## Your instructions
The copy you give must match the records exactly, except that it holds no images.

[Records excerpted from a collection]
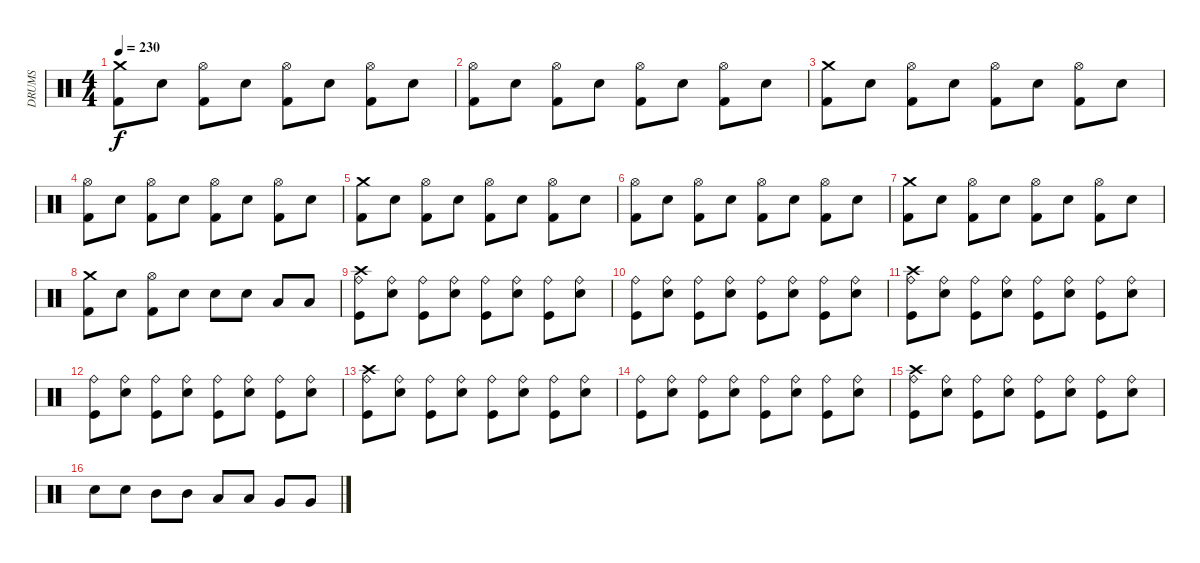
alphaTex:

\track ("DRUMS" "DRUMS") {instrument percussion}
\staff {score}
\articulation defaults
\ts (4 4)
\tempo 230
\clef neutral
\ks c
("Crash medium (hit)" "Kick (hit) 2").8{dy f} "Snare (hit) 2".8 ("Hi-Hat (open)" "Kick (hit) 2").8 "Snare (hit) 2".8 ("Hi-Hat (open)" "Kick (hit) 2").8 "Snare (hit) 2".8 ("Hi-Hat (open)" "Kick (hit) 2").8 "Snare (hit) 2".8 |
("Hi-Hat (open)" "Kick (hit) 2").8 "Snare (hit) 2".8 ("Hi-Hat (open)" "Kick (hit) 2").8 "Snare (hit) 2".8 ("Hi-Hat (open)" "Kick (hit) 2").8 "Snare (hit) 2".8 ("Hi-Hat (open)" "Kick (hit) 2").8 "Snare (hit) 2".8 |
("Crash medium (hit)" "Kick (hit) 2").8 "Snare (hit) 2".8 ("Hi-Hat (open)" "Kick (hit) 2").8 "Snare (hit) 2".8 ("Hi-Hat (open)" "Kick (hit) 2").8 "Snare (hit) 2".8 ("Hi-Hat (open)" "Kick (hit) 2").8 "Snare (hit) 2".8 |
("Hi-Hat (open)" "Kick (hit) 2").8 "Snare (hit) 2".8 ("Hi-Hat (open)" "Kick (hit) 2").8 "Snare (hit) 2".8 ("Hi-Hat (open)" "Kick (hit) 2").8 "Snare (hit) 2".8 ("Hi-Hat (open)" "Kick (hit) 2").8 "Snare (hit) 2".8 |
("Crash medium (hit)" "Kick (hit) 2").8 "Snare (hit) 2".8 ("Hi-Hat (open)" "Kick (hit) 2").8 "Snare (hit) 2".8 ("Hi-Hat (open)" "Kick (hit) 2").8 "Snare (hit) 2".8 ("Hi-Hat (open)" "Kick (hit) 2").8 "Snare (hit) 2".8 |
("Hi-Hat (open)" "Kick (hit) 2").8 "Snare (hit) 2".8 ("Hi-Hat (open)" "Kick (hit) 2").8 "Snare (hit) 2".8 ("Hi-Hat (open)" "Kick (hit) 2").8 "Snare (hit) 2".8 ("Hi-Hat (open)" "Kick (hit) 2").8 "Snare (hit) 2".8 |
("Crash medium (hit)" "Kick (hit) 2").8 "Snare (hit) 2".8 ("Hi-Hat (open)" "Kick (hit) 2").8 "Snare (hit) 2".8 ("Hi-Hat (open)" "Kick (hit) 2").8 "Snare (hit) 2".8 ("Hi-Hat (open)" "Kick (hit) 2").8 "Snare (hit) 2".8 |
("Crash medium (hit)" "Kick (hit) 2").8 "Snare (hit) 2".8 ("Hi-Hat (open)" "Kick (hit) 2").8 "Snare (hit) 2".8 "Snare (hit) 2".8 "Snare (hit) 2".8 "Low Tom (hit)".8 "Low Tom (hit)".8 |
("Crash high (hit)" "Ride (bell)" "Kick (hit)").8 ("Ride (bell)" "Snare (hit) 2").8 ("Ride (bell)" "Kick (hit)").8 ("Ride (bell)" "Snare (hit) 2").8 ("Ride (bell)" "Kick (hit)").8 ("Ride (bell)" "Snare (hit) 2").8 ("Ride (bell)" "Kick (hit)").8 ("Ride (bell)" "Snare (hit) 2").8 |
("Ride (bell)" "Kick (hit)").8 ("Ride (bell)" "Snare (hit) 2").8 ("Ride (bell)" "Kick (hit)").8 ("Ride (bell)" "Snare (hit) 2").8 ("Ride (bell)" "Kick (hit)").8 ("Ride (bell)" "Snare (hit) 2").8 ("Ride (bell)" "Kick (hit)").8 ("Ride (bell)" "Snare (hit) 2").8 |
("Crash high (hit)" "Ride (bell)" "Kick (hit)").8 ("Ride (bell)" "Snare (hit) 2").8 ("Ride (bell)" "Kick (hit)").8 ("Ride (bell)" "Snare (hit) 2").8 ("Ride (bell)" "Kick (hit)").8 ("Ride (bell)" "Snare (hit) 2").8 ("Ride (bell)" "Kick (hit)").8 ("Ride (bell)" "Snare (hit) 2").8 |
("Ride (bell)" "Kick (hit)").8 ("Ride (bell)" "Snare (hit) 2").8 ("Ride (bell)" "Kick (hit)").8 ("Ride (bell)" "Snare (hit) 2").8 ("Ride (bell)" "Kick (hit)").8 ("Ride (bell)" "Snare (hit) 2").8 ("Ride (bell)" "Kick (hit)").8 ("Ride (bell)" "Snare (hit) 2").8 |
("Crash high (hit)" "Ride (bell)" "Kick (hit)").8 ("Ride (bell)" "Snare (hit) 2").8 ("Ride (bell)" "Kick (hit)").8 ("Ride (bell)" "Snare (hit) 2").8 ("Ride (bell)" "Kick (hit)").8 ("Ride (bell)" "Snare (hit) 2").8 ("Ride (bell)" "Kick (hit)").8 ("Ride (bell)" "Snare (hit) 2").8 |
("Ride (bell)" "Kick (hit)").8 ("Ride (bell)" "Snare (hit) 2").8 ("Ride (bell)" "Kick (hit)").8 ("Ride (bell)" "Snare (hit) 2").8 ("Ride (bell)" "Kick (hit)").8 ("Ride (bell)" "Snare (hit) 2").8 ("Ride (bell)" "Kick (hit)").8 ("Ride (bell)" "Snare (hit) 2").8 |
("Crash high (hit)" "Ride (bell)" "Kick (hit)").8 ("Ride (bell)" "Snare (hit) 2").8 ("Ride (bell)" "Kick (hit)").8 ("Ride (bell)" "Snare (hit) 2").8 ("Ride (bell)" "Kick (hit)").8 ("Ride (bell)" "Snare (hit) 2").8 ("Ride (bell)" "Kick (hit)").8 ("Ride (bell)" "Snare (hit) 2").8 |
"Snare (hit) 2".8 "Snare (hit) 2".8 "Mid Tom (hit)".8 "Mid Tom (hit)".8 "Low Tom (hit)".8 "Low Tom (hit)".8 "Very Low Tom (hit)".8 "Very Low Tom (hit)".8

## Expected answer
alphaTex:

\track ("DRUMS" "DRUMS") {instrument percussion}
\staff {score}
\articulation defaults
\ts (4 4)
\tempo 230
\clef neutral
\ks c
("Crash medium (hit)" "Kick (hit) 2").8{dy f} "Snare (hit) 2".8 ("Hi-Hat (open)" "Kick (hit) 2").8 "Snare (hit) 2".8 ("Hi-Hat (open)" "Kick (hit) 2").8 "Snare (hit) 2".8 ("Hi-Hat (open)" "Kick (hit) 2").8 "Snare (hit) 2".8 |
("Hi-Hat (open)" "Kick (hit) 2").8 "Snare (hit) 2".8 ("Hi-Hat (open)" "Kick (hit) 2").8 "Snare (hit) 2".8 ("Hi-Hat (open)" "Kick (hit) 2").8 "Snare (hit) 2".8 ("Hi-Hat (open)" "Kick (hit) 2").8 "Snare (hit) 2".8 |
("Crash medium (hit)" "Kick (hit) 2").8 "Snare (hit) 2".8 ("Hi-Hat (open)" "Kick (hit) 2").8 "Snare (hit) 2".8 ("Hi-Hat (open)" "Kick (hit) 2").8 "Snare (hit) 2".8 ("Hi-Hat (open)" "Kick (hit) 2").8 "Snare (hit) 2".8 |
("Hi-Hat (open)" "Kick (hit) 2").8 "Snare (hit) 2".8 ("Hi-Hat (open)" "Kick (hit) 2").8 "Snare (hit) 2".8 ("Hi-Hat (open)" "Kick (hit) 2").8 "Snare (hit) 2".8 ("Hi-Hat (open)" "Kick (hit) 2").8 "Snare (hit) 2".8 |
("Crash medium (hit)" "Kick (hit) 2").8 "Snare (hit) 2".8 ("Hi-Hat (open)" "Kick (hit) 2").8 "Snare (hit) 2".8 ("Hi-Hat (open)" "Kick (hit) 2").8 "Snare (hit) 2".8 ("Hi-Hat (open)" "Kick (hit) 2").8 "Snare (hit) 2".8 |
("Hi-Hat (open)" "Kick (hit) 2").8 "Snare (hit) 2".8 ("Hi-Hat (open)" "Kick (hit) 2").8 "Snare (hit) 2".8 ("Hi-Hat (open)" "Kick (hit) 2").8 "Snare (hit) 2".8 ("Hi-Hat (open)" "Kick (hit) 2").8 "Snare (hit) 2".8 |
("Crash medium (hit)" "Kick (hit) 2").8 "Snare (hit) 2".8 ("Hi-Hat (open)" "Kick (hit) 2").8 "Snare (hit) 2".8 ("Hi-Hat (open)" "Kick (hit) 2").8 "Snare (hit) 2".8 ("Hi-Hat (open)" "Kick (hit) 2").8 "Snare (hit) 2".8 |
("Crash medium (hit)" "Kick (hit) 2").8 "Snare (hit) 2".8 ("Hi-Hat (open)" "Kick (hit) 2").8 "Snare (hit) 2".8 "Snare (hit) 2".8 "Snare (hit) 2".8 "Low Tom (hit)".8 "Low Tom (hit)".8 |
("Crash high (hit)" "Ride (bell)" "Kick (hit)").8 ("Ride (bell)" "Snare (hit) 2").8 ("Ride (bell)" "Kick (hit)").8 ("Ride (bell)" "Snare (hit) 2").8 ("Ride (bell)" "Kick (hit)").8 ("Ride (bell)" "Snare (hit) 2").8 ("Ride (bell)" "Kick (hit)").8 ("Ride (bell)" "Snare (hit) 2").8 |
("Ride (bell)" "Kick (hit)").8 ("Ride (bell)" "Snare (hit) 2").8 ("Ride (bell)" "Kick (hit)").8 ("Ride (bell)" "Snare (hit) 2").8 ("Ride (bell)" "Kick (hit)").8 ("Ride (bell)" "Snare (hit) 2").8 ("Ride (bell)" "Kick (hit)").8 ("Ride (bell)" "Snare (hit) 2").8 |
("Crash high (hit)" "Ride (bell)" "Kick (hit)").8 ("Ride (bell)" "Snare (hit) 2").8 ("Ride (bell)" "Kick (hit)").8 ("Ride (bell)" "Snare (hit) 2").8 ("Ride (bell)" "Kick (hit)").8 ("Ride (bell)" "Snare (hit) 2").8 ("Ride (bell)" "Kick (hit)").8 ("Ride (bell)" "Snare (hit) 2").8 |
("Ride (bell)" "Kick (hit)").8 ("Ride (bell)" "Snare (hit) 2").8 ("Ride (bell)" "Kick (hit)").8 ("Ride (bell)" "Snare (hit) 2").8 ("Ride (bell)" "Kick (hit)").8 ("Ride (bell)" "Snare (hit) 2").8 ("Ride (bell)" "Kick (hit)").8 ("Ride (bell)" "Snare (hit) 2").8 |
("Crash high (hit)" "Ride (bell)" "Kick (hit)").8 ("Ride (bell)" "Snare (hit) 2").8 ("Ride (bell)" "Kick (hit)").8 ("Ride (bell)" "Snare (hit) 2").8 ("Ride (bell)" "Kick (hit)").8 ("Ride (bell)" "Snare (hit) 2").8 ("Ride (bell)" "Kick (hit)").8 ("Ride (bell)" "Snare (hit) 2").8 |
("Ride (bell)" "Kick (hit)").8 ("Ride (bell)" "Snare (hit) 2").8 ("Ride (bell)" "Kick (hit)").8 ("Ride (bell)" "Snare (hit) 2").8 ("Ride (bell)" "Kick (hit)").8 ("Ride (bell)" "Snare (hit) 2").8 ("Ride (bell)" "Kick (hit)").8 ("Ride (bell)" "Snare (hit) 2").8 |
("Crash high (hit)" "Ride (bell)" "Kick (hit)").8 ("Ride (bell)" "Snare (hit) 2").8 ("Ride (bell)" "Kick (hit)").8 ("Ride (bell)" "Snare (hit) 2").8 ("Ride (bell)" "Kick (hit)").8 ("Ride (bell)" "Snare (hit) 2").8 ("Ride (bell)" "Kick (hit)").8 ("Ride (bell)" "Snare (hit) 2").8 |
"Snare (hit) 2".8 "Snare (hit) 2".8 "Mid Tom (hit)".8 "Mid Tom (hit)".8 "Low Tom (hit)".8 "Low Tom (hit)".8 "Very Low Tom (hit)".8 "Very Low Tom (hit)".8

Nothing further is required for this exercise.